The skewed and very particular focus of political demography here becomes clear. While other mobile populations have remained largely invisible, the highly contentious British politics of immigration – when not focused on policing borders against the tiny number of irregulars who wash up on its shores – has centred on the failed target for the designated ‘immigrant’ population. This was infamously set by a former prime minister, David Cameron, as a net immigration of (only) 100,000 persons per year. This created a huge political outcry, as for years the real number was never lower than 300,000 (Cohen 2017). The target has since been scrapped, and the overall number is still growing (Vargas-Silva and Rienzo 2020). At the same time, 150,000–200,000 British nationals leave the British population annually (although they do not leave their citizenship).
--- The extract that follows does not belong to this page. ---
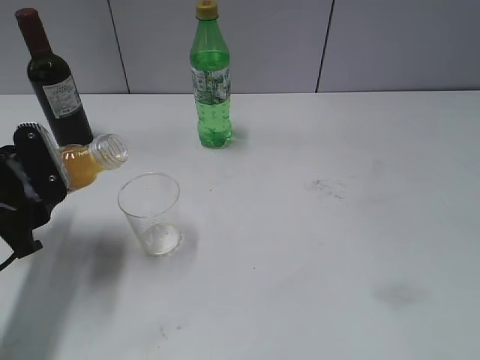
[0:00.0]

The huge controversies over Brexit in part centred on the fact that more than half of the ‘immigrants’ identified in these official UK statistics were in fact non-nationals from EU member states – over which the state had no legal control or restriction. They were EU citizens, with a kind of European citizenship that allowed them to come and go as they pleased, and live and work in British society, without in fact becoming, legally or politically, immigrants. There was no implication they would need to become full members; they were not subject to integration. In fact, they were ‘free movers’ and might have been better thought of as part of that floating international population. Yet the British state felt obliged to call them ‘immigrants’ and include them in those statistics. Politicians, the media and even many scholars referred to them as ‘EU immigrants’, even though this was a legal falsehood (Favell and Barbulescu 2018). Brexit, of course, ‘resolved’ this question – with further complications for ‘immigrant integration’ which I will trace later.

Other ‘immigrants’ in the same statistics had in contrast always been chosen and identified at the border, with strictly selective entry via work or family reunification rights, the two typical motives, unless they were recognized refugees. These immigrants were legally and politically designated as such in conventional terms. They have always been subject to integration and could follow the line all the way to membership and full citizenship. Counting and identifying them as part of the population ensures the continuity of the box that contains the total British population and secures its power. Integration would ultimately resolve the anomaly of their international migration. Yet, from this point of view, all other ‘mobile’ populations are irrelevant, including a large majority of the resident long-term non-nationals, who have a ‘right to remain’ – but also remain anomalous.